Background: Graves' disease (GD) is a common autoimmune disorder with genetic predisposition. There is strong evidence that the Chr.5q31-33 region, which contains the immune response cytokine genes [interleukin (IL)-3, IL-4, IL-5, IL-9, and IL-13], is linked to autoimmune thyroid disorders in Chinese and Japanese populations. The aim of the present study is to elucidate whether the single nucleotide polymorphisms (SNP) and the interaction of variants in the 5 genes are associated with the development of GD and Graves' ophthalmopathy (GO).
Materials and methods: GD patients (no.=751), with 190 of GO patients and healthy control subjects (no.=748) were included in this study. Six SNP [rs40401 (IL-3), rs2070874 (IL-4), rs2069812 (IL-5), rs1859430 (IL-9), rs2069868 (IL-9), and rs20541 (IL-13)] were genotyped by SNPstream Genotyping System.

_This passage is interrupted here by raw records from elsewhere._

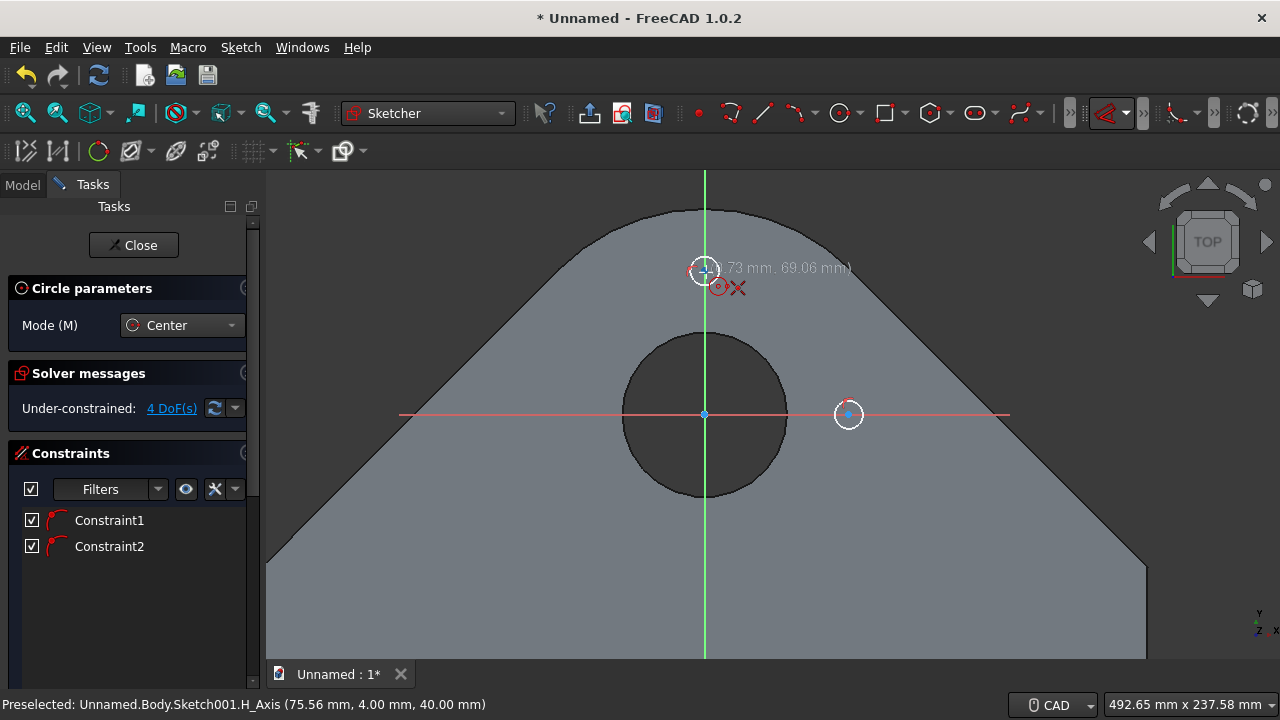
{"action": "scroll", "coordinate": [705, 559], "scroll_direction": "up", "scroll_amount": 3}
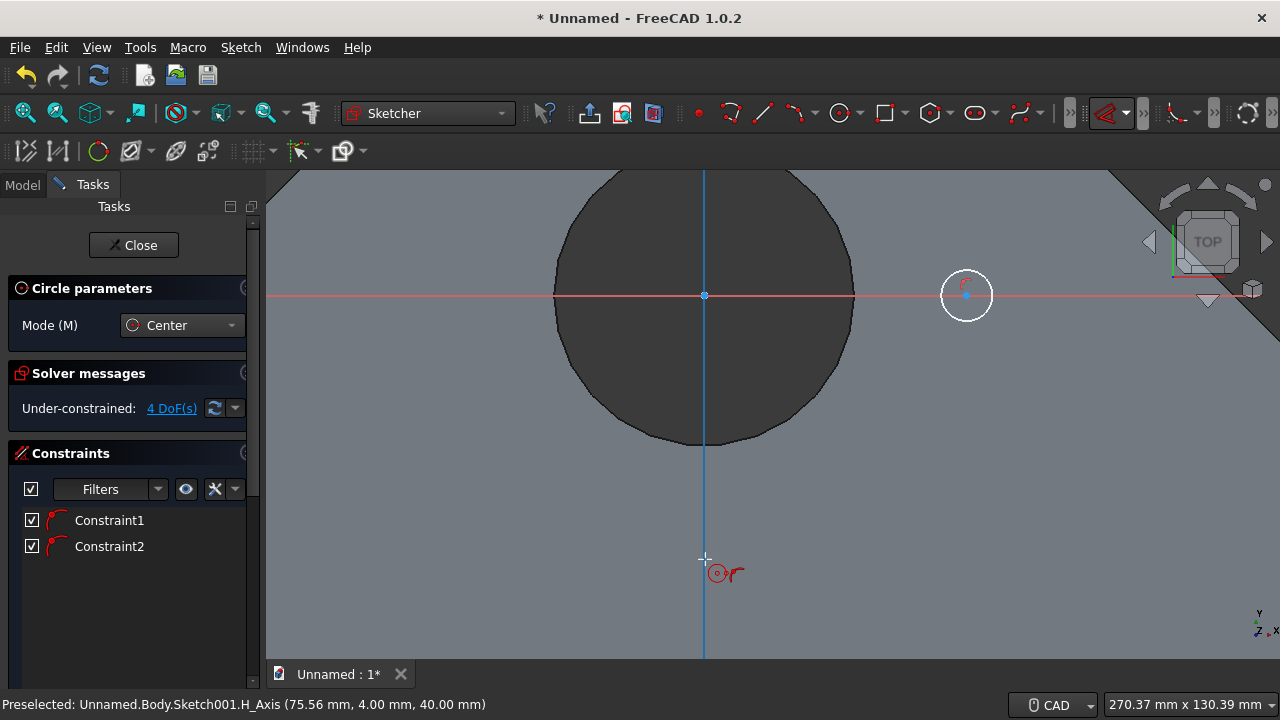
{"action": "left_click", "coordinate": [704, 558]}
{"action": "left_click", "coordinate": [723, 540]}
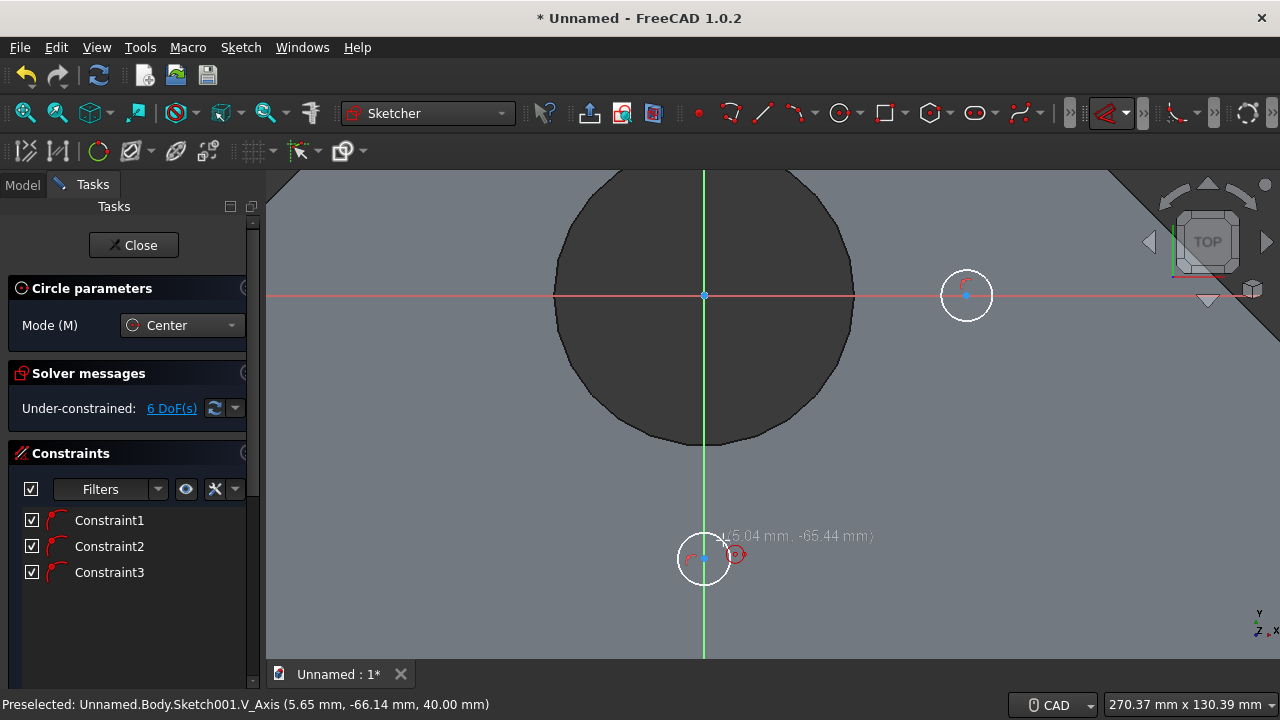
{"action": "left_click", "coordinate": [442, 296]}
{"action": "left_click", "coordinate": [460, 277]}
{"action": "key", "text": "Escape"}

Results: There was a significant increase of C allele of rs40401 in GD [odds ratio (OR)=1.18 [95% confidence interval (CI): 1.02-1.36], pallele=0.028] and GO [OR=1.30 (95%CI: 1.04-1.63), pallele=0.022] patients compared with those in the controls. The C allele of the rs2069812 was also significantly associated with GD [OR=1.22 (95%CI: 1.04-1.44), pallele=0.015] and GO [OR=1.45 (95%CI: 1.13-1.86), pallele=0.003] patients. Haplotype analysis showed a predominant increase of the 2 SNP (rs40401-rs2069812, CC) and all the 6 SNP (CCCCCC) haplotype in GD (OR=1.70, OR=3.70, respectively) and even stronger in GO (OR=2.18, OR=7.01, respectively) patients.
Conclusions: The results suggested that the polymorphism of IL-3 (rs40401) and IL-5 (rs2069812) were associated with GD and GO susceptibility in Chinese population. The interaction of 6-locus from the 5 genes might confer higher risk for GD and GO than single risk allele.